Peterson turned to the Internet for demolition advice, but the Shawshank Redemption would've been enough. He and his friends spent hours on each aperture, drilling holes — then painstakingly finishing the chore with pick axes and chisels. "My hands are actually still sore," he says.

Break out the chainsaws!

Tired of chipping at the wall, Peterson began researching better methods. "I found out about a concrete-cutting chainsaw that was water-cooled… and I got really excited because it seemed really badass," Peterson laughs. "But it really backfired on me. It could've shut down the whole project."
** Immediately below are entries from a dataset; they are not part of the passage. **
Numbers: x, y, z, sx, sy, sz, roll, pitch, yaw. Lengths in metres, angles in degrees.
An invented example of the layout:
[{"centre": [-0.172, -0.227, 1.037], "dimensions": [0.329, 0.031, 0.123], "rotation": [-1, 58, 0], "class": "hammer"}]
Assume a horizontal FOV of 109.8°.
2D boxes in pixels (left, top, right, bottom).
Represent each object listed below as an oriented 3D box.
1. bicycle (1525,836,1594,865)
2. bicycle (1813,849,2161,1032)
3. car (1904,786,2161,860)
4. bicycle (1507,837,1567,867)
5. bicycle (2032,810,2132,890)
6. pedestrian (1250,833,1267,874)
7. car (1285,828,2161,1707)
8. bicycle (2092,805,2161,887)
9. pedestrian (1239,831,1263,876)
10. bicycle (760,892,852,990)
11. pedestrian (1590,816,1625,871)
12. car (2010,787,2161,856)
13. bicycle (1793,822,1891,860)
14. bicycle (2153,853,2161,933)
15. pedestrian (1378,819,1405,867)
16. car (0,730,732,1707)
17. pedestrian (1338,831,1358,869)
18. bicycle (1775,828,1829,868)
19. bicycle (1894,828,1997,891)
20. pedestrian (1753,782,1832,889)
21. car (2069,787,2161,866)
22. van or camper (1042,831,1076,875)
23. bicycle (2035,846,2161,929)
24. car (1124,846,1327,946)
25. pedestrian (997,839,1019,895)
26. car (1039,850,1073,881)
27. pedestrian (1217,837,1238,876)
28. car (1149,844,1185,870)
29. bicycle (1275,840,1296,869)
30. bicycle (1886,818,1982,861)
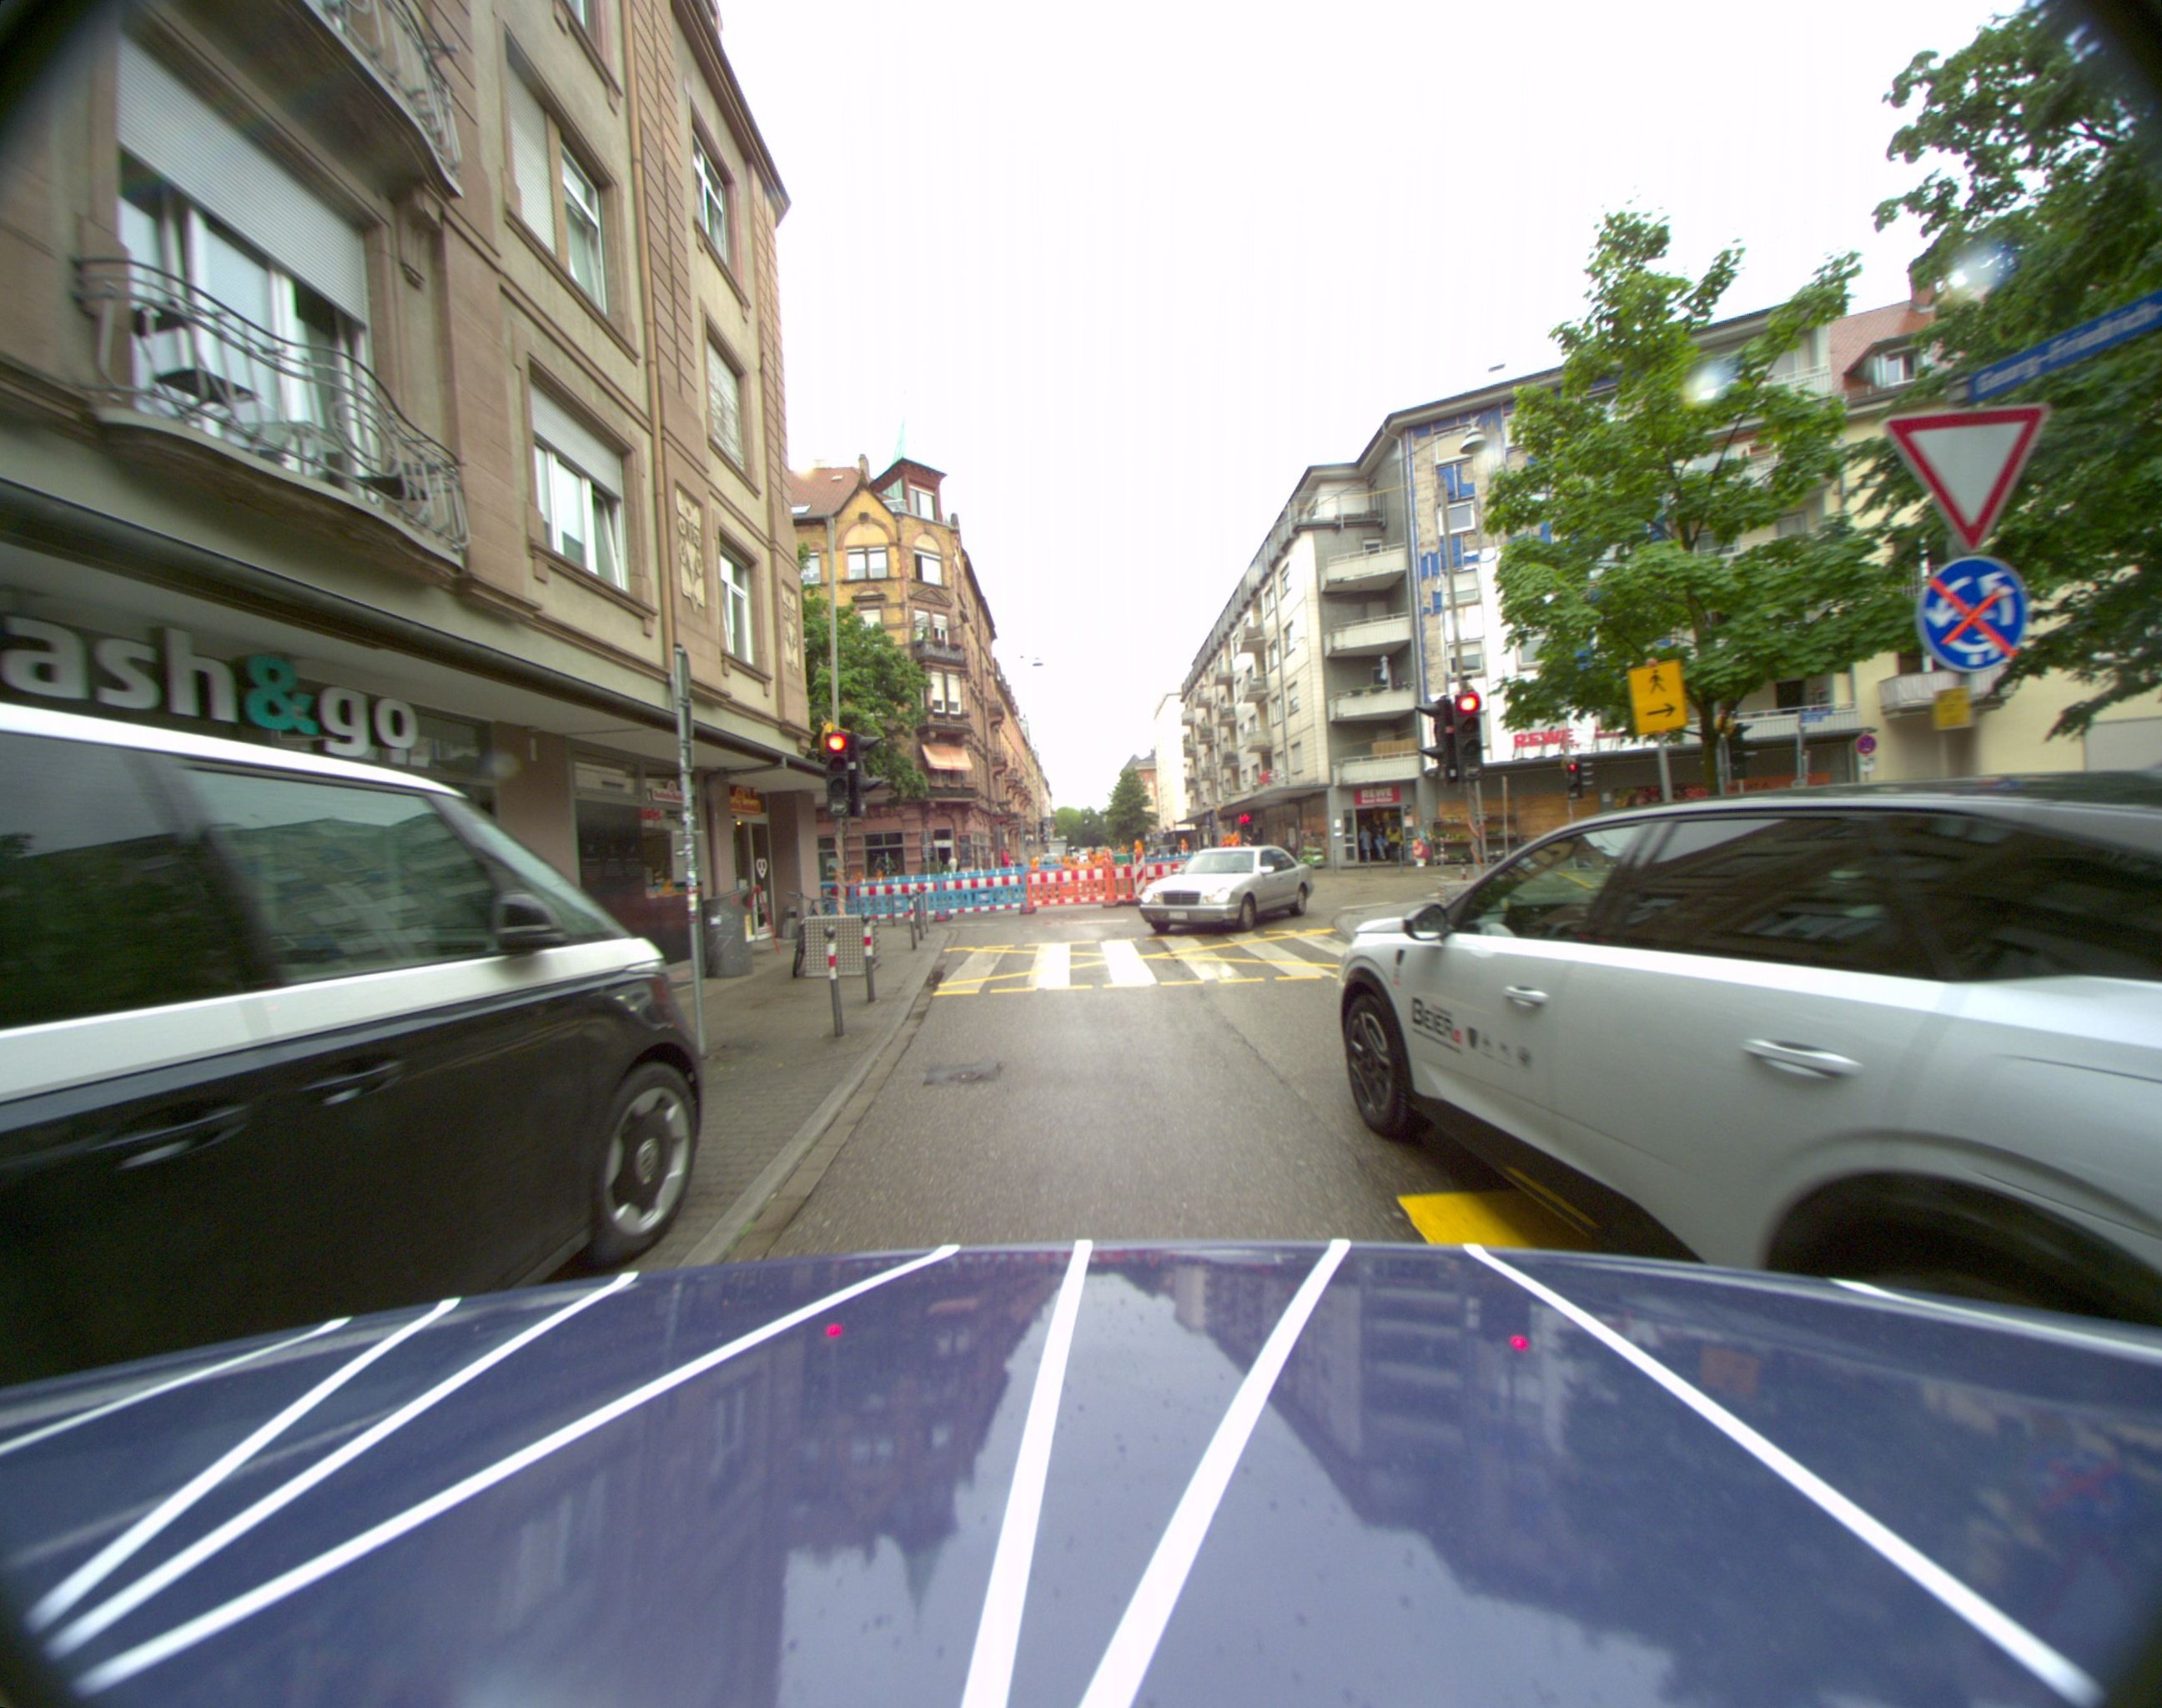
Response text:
[{"centre": [17.084, -0.127, 27.156], "dimensions": [0.590, 0.966, 1.996], "rotation": [-4, 2, -35], "class": "bicycle"}, {"centre": [6.960, 0.572, 5.705], "dimensions": [0.777, 1.137, 1.927], "rotation": [-4, 1, -28], "class": "bicycle"}, {"centre": [25.231, -0.738, 20.028], "dimensions": [1.999, 1.671, 4.456], "rotation": [-4, 0, -5], "class": "car"}, {"centre": [16.209, -0.073, 27.038], "dimensions": [0.569, 0.965, 1.688], "rotation": [-4, 0, -35], "class": "bicycle"}, {"centre": [17.152, -0.062, 13.072], "dimensions": [0.588, 1.268, 2.008], "rotation": [-3, -1, 40], "class": "bicycle"}, {"centre": [8.189, -0.043, 35.110], "dimensions": [0.604, 1.837, 0.770], "rotation": [-4, 1, 8], "class": "pedestrian"}, {"centre": [2.346, 0.768, 2.517], "dimensions": [1.863, 1.650, 5.007], "rotation": [-1, 0, -1], "class": "car"}, {"centre": [17.537, -0.133, 12.607], "dimensions": [0.474, 1.268, 1.870], "rotation": [-3, -1, 40], "class": "bicycle"}, {"centre": [7.401, -0.013, 33.138], "dimensions": [0.717, 1.886, 0.606], "rotation": [-3, 2, 35], "class": "pedestrian"}, {"centre": [-3.798, 1.156, 10.668], "dimensions": [0.625, 1.121, 1.937], "rotation": [-3, 0, -4], "class": "bicycle"}, {"centre": [16.125, -0.329, 23.293], "dimensions": [0.797, 1.606, 0.606], "rotation": [-3, 2, 35], "class": "pedestrian"}, {"centre": [27.548, -0.862, 19.386], "dimensions": [1.999, 1.661, 4.457], "rotation": [-4, 0, -5], "class": "car"}, {"centre": [22.599, -0.386, 22.609], "dimensions": [1.998, 0.966, 0.590], "rotation": [-4, 2, 16], "class": "bicycle"}, {"centre": [11.587, 0.352, 7.550], "dimensions": [1.394, 0.810, 0.405], "rotation": [-4, 0, -4], "class": "bicycle"}, {"centre": [12.538, -0.436, 30.689], "dimensions": [0.692, 1.758, 0.865], "rotation": [-3, 10, 35], "class": "pedestrian"}, {"centre": [-2.637, 0.801, 1.097], "dimensions": [1.999, 1.928, 5.228], "rotation": [-2, 1, -3], "class": "car"}, {"centre": [11.254, -0.176, 32.047], "dimensions": [0.544, 1.575, 0.695], "rotation": [-3, 2, 35], "class": "pedestrian"}, {"centre": [19.882, -0.186, 20.988], "dimensions": [0.588, 0.966, 2.004], "rotation": [-3, 2, 29], "class": "bicycle"}, {"centre": [15.587, 0.095, 13.766], "dimensions": [0.864, 1.038, 2.418], "rotation": [-3, -1, 40], "class": "bicycle"}, {"centre": [13.967, -0.348, 14.944], "dimensions": [0.942, 2.002, 0.866], "rotation": [-3, 1, 35], "class": "pedestrian"}, {"centre": [24.540, -0.664, 15.863], "dimensions": [4.377, 1.630, 1.846], "rotation": [-3, 0, 25], "class": "car"}, {"centre": [-1.820, -0.060, 63.358], "dimensions": [2.411, 3.308, 7.072], "rotation": [-4, 0, -1], "class": "van or camper"}, {"centre": [11.573, 0.361, 8.485], "dimensions": [1.394, 0.810, 0.405], "rotation": [-4, 0, -4], "class": "bicycle"}, {"centre": [2.919, 0.656, 14.255], "dimensions": [1.856, 1.390, 4.989], "rotation": [-3, 1, 34], "class": "car"}, {"centre": [-3.497, 0.623, 36.227], "dimensions": [0.696, 2.594, 0.539], "rotation": [-5, 2, -32], "class": "pedestrian"}, {"centre": [-1.598, 0.716, 47.864], "dimensions": [1.902, 1.779, 3.998], "rotation": [-4, 0, -4], "class": "car"}, {"centre": [7.042, 0.122, 36.488], "dimensions": [0.862, 1.837, 0.770], "rotation": [-4, 1, 8], "class": "pedestrian"}, {"centre": [6.338, 0.207, 56.372], "dimensions": [1.902, 1.779, 3.998], "rotation": [-4, 0, -4], "class": "car"}, {"centre": [10.186, 0.033, 37.861], "dimensions": [0.450, 1.366, 2.024], "rotation": [-6, 0, 2], "class": "bicycle"}, {"centre": [22.408, -0.388, 19.970], "dimensions": [2.000, 0.966, 0.589], "rotation": [-5, 2, -5], "class": "bicycle"}]

All the water they needed to cool down the chainsaw? It drained through a pipe that led two floors down, straight into a condo showroom. "The water was just pouring down there, soaking the front desk," Peterson remembers. "Luckily I run a painting contracting company so I went in there at one o'clock one night and sort of fixed it. That could've been a lot messier." (Look forward to seeing the screwball details in that aforementioned documentary.)

Artist Joel Nicholas Peterson stands with a 13-foot-tall negative from his Blueprints for Observation series. Peterson says the Guinness Book of World Records created a new category for it, "largest film negative." (Alex Rosin)

Call the Guinness Book of World Records!

A building-sized camera requires building-sized film. And in capturing his 360-degree cityscape, Peterson may have inadvertently made history. One of the negatives on display at Woodward's measures 4 feet by 13 feet. He contacted the Guinness Book of World records last December, and, says Peterson, they developed a new category just for him: Largest Film Negative. "This was a complete by-product, just an exciting, unintentional thing that happened."

A moment in time

"Just studying photography you realize all photography is historical documentation," Peterson says, and the simple idea of preserving a moment in time was the motivation for the "Blueprints for Observation" project.  Cities are always changing. The view from his camera obscura captures a moment in the landscape's history, as much as it suggests a new one coming soon. (In some shots, cranes appear on the horizon. The photos themselves were taken from a building that's already gone.)

Joel Nicholas Peterson. (Blueprints for Observation, 2015) (Nigel Berringer)

"I'm just really interested in cities and architecture and buildings, how they relate to each other, how they relate to us as humans," Peterson says. "Living in Vancouver, you can't not be interested in these things. It's just apparent everywhere you go that things are going up so quickly."

Joel Nicholas Peterson: Blueprints for Observation. Fri, Aug. 28-Wed, Sept.30 at the Woodward's Building atrium, 333 Abbott, Vancouver, B.C.. 8-10pm. Free.